The reason that lifestyle recommendations are doled out a bit of information at a time is that we assume no one has found the best lifestyle as a whole. The statistics about the American lifestyle rise and fall, but statistics fail to reveal that modern secular society has some dominant trends that work against true, lasting well-being. These trends include the following—it’s a long list:

  • Ever-increasing stress
  • Faster and fast pace of living
  • A deluge of distractions including the Internet, social media and games
  • Increasing rates of ageing and dementia
  • Rampant consumerism and the debt this brings
  • Several decades of stagnant wages for the middle class
  • The collapse of major safety nets like pension funds
  • Uncontrolled rates of obesity
  • An epidemic of anxiety and depression
  • Global problems such as climate change, the COVID pandemic, and refugeeism
  • Collapse of trust in public institutions and politics
  • Runaway disparity between rich and poor

These challenges are persistent. You hear about them every day or actually experience them. They are inescapable, and the individual is basically powerless to solve them. Any single issue on this list is enough to overwhelm your life if you get too close to it.
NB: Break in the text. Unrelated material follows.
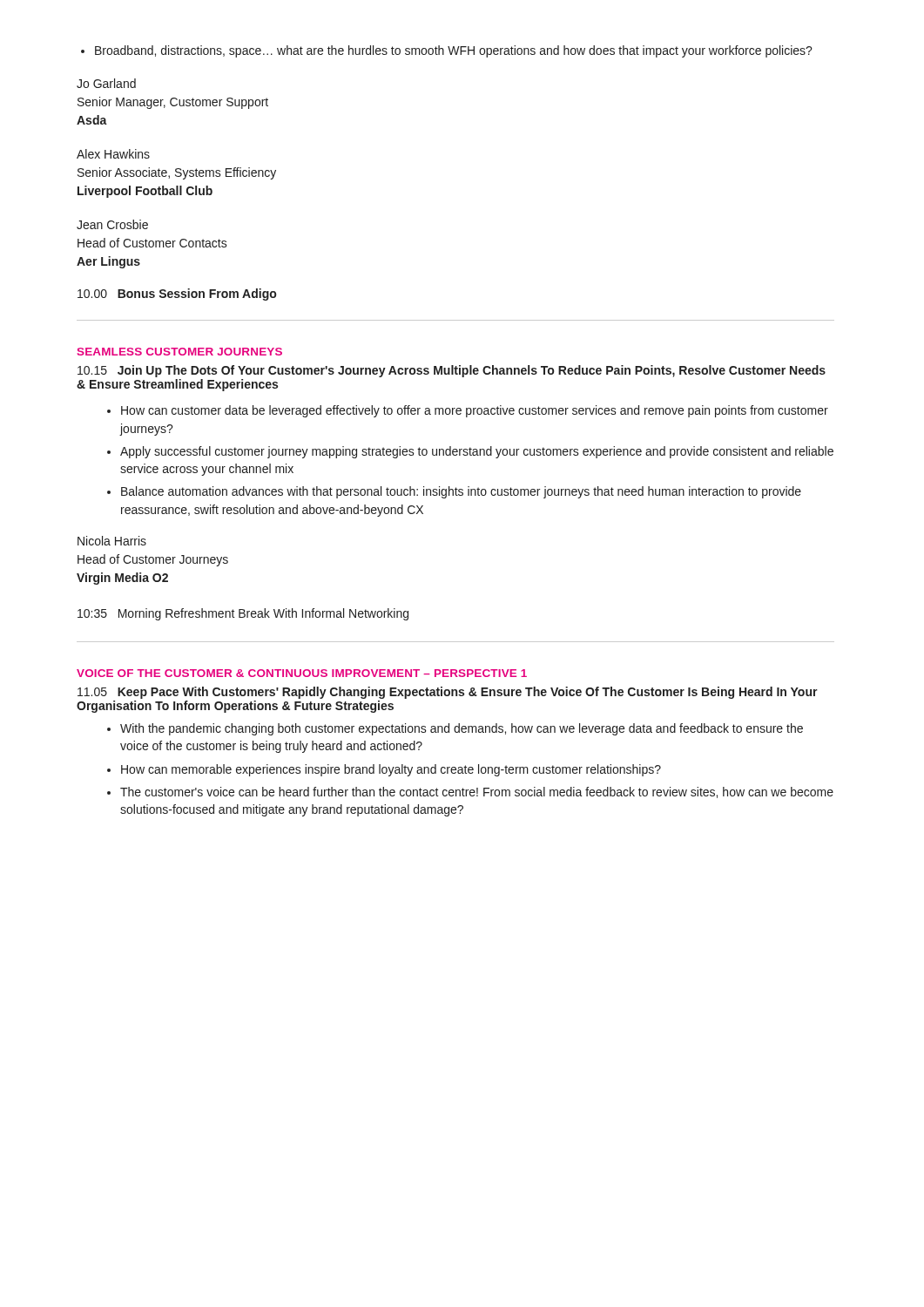The width and height of the screenshot is (924, 1307).
Task: Locate the block of text that opens with "10:35 Morning Refreshment Break"
Action: click(243, 614)

Dealing with malaria in Africa, opiate addiction in the Rust Belt, suicide among veterans, or the looming prospect of Alzheimer’s in an ageing population—take any one of these problems, and you can devote every waking hour to it.

For the average person, however, the real issue is that no one can block out or escape these trends. They provide a background of troubling chaos. You cannot put your head deep enough in the sand to be unaffected. The most enlightened diet, exercise, and meditation program do not provide a solution.
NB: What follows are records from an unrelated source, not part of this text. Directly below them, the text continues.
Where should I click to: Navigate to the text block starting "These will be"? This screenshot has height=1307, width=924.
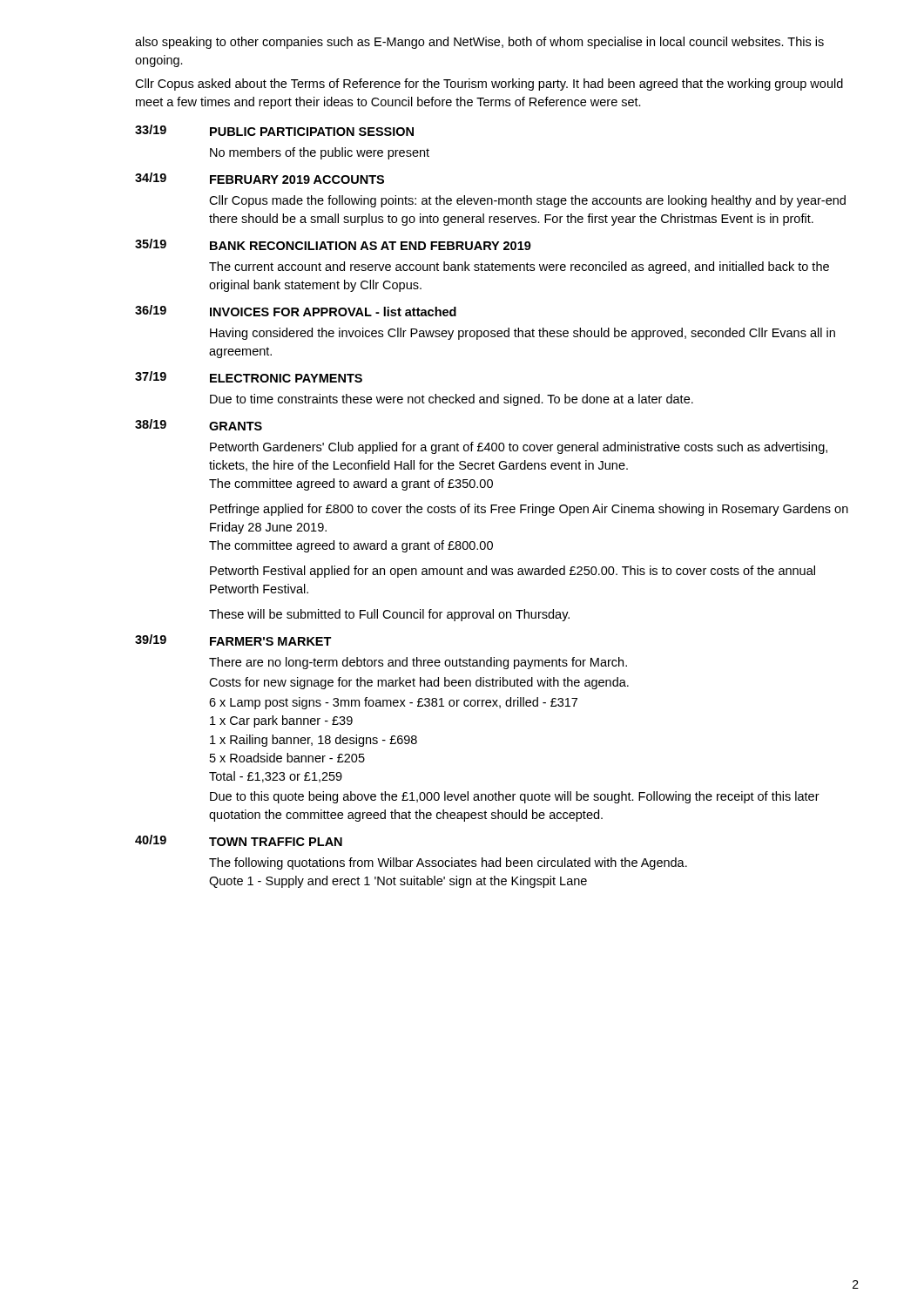click(390, 615)
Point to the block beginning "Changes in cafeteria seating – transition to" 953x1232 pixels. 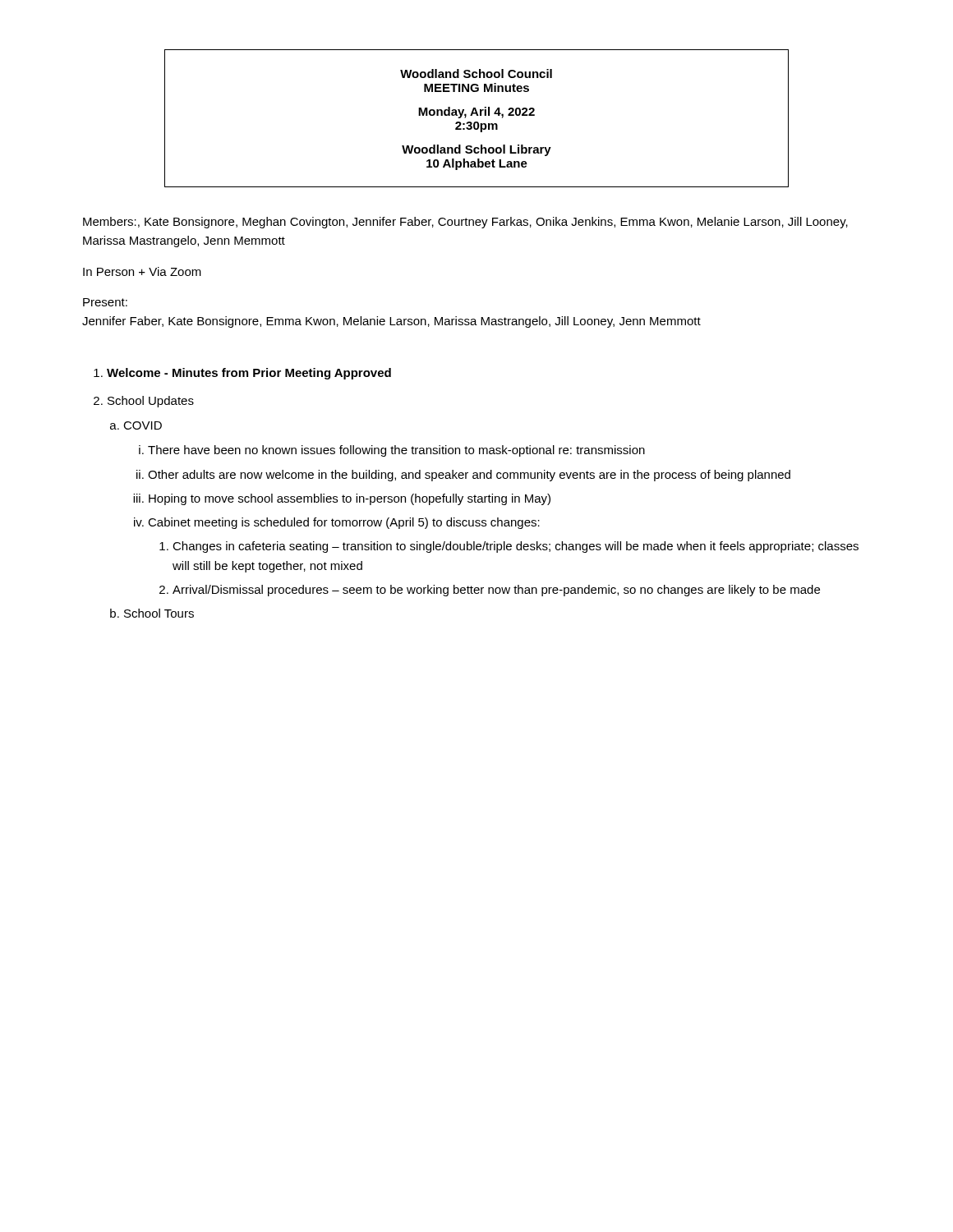pyautogui.click(x=516, y=556)
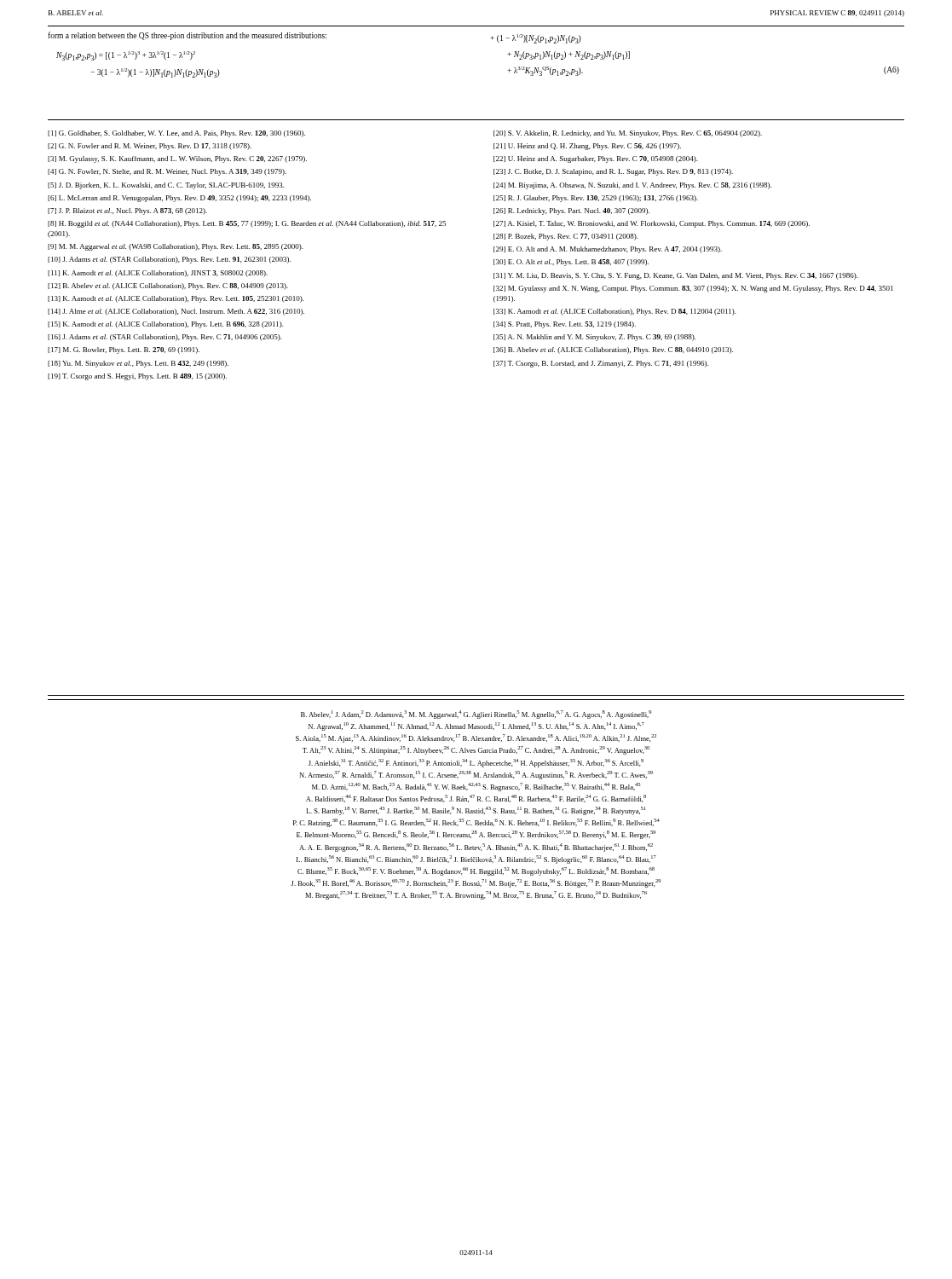Point to the block beginning "B. Abelev,1 J. Adam,2 D. Adamová,3 M. M."
952x1279 pixels.
point(476,804)
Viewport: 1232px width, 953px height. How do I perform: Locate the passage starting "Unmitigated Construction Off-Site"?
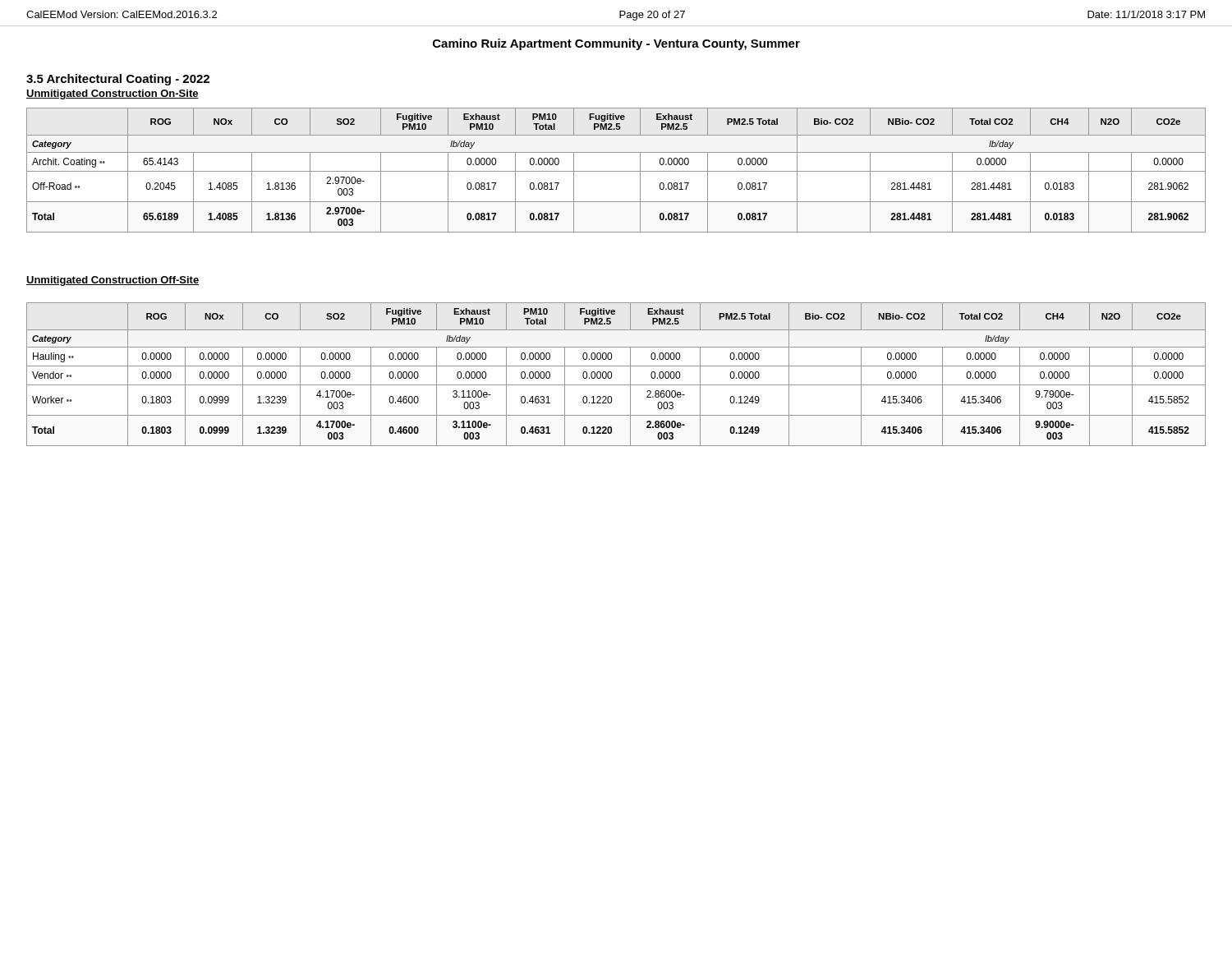click(113, 280)

With that in mind, several years ago I wrote a book titled Metahuman, which takes its title from the Greek word “meta,” which means “beyond.” I set out to find the best lifestyle that brings lifelong well-being in the present chaotic condition of the modern world. You might be surprised to discover that this isn’t a spiritual lifestyle—I deliberately avoided even using the word spiritual in the book. The best lifestyle needs to include the spiritual and yet go beyond it—in other words, we need a “meta” lifestyle in order to have all-embracing change.

The best lifestyle can be described in a single phrase, waking up. When you lead such a lifestyle, you devote yourself to going beyond the everyday routines that people live by, the second-hand beliefs and opinions we have all adopted, the stories we continually cling to, and the agenda of the ego, which is basically “more for me.” Waking up is about personal evolution, higher consciousness, and the infinite potential that belongs to every human being.
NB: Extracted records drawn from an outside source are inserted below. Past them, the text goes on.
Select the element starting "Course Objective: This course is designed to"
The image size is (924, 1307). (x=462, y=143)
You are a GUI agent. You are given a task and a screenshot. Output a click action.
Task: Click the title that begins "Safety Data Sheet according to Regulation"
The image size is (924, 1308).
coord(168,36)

Every problem listed above is mind-made. We find ourselves trapped at a level of consciousness that not only fuels chaos and confusion but which offers no way to stop. Unknown to ourselves, we inhabit a kind of virtual reality walled in by constricted consciousness. Literally, the reality we take for granted is a dream, spell, or illusion—choose any word for it you like. The “real” reality lies deeper inside us, at the source of pure consciousness, that is the field of infinite possibilities.

Modern secular society can be seen as the most perfected virtual reality ever devised—you can spend a lifetime on your computer if you want. Taking that perspective, modern life is the ultimate trap, and nothing on the list will be solved. But there is an alternative. Modern life is so open to freedom of choice that it provides the best setting ever devised for escaping the illusion.

In Metahuman I took the second perspective because each of us can clearly see that evolving to higher consciousness—in other words, waking up—is the only true solution. If you seek a solution to any problem, you can either struggle at the level of the problem, which is frustrating, or you can live from the level of awareness where solutions unfold through the infinite power of consciousness. This level is real, and it is accessible to all.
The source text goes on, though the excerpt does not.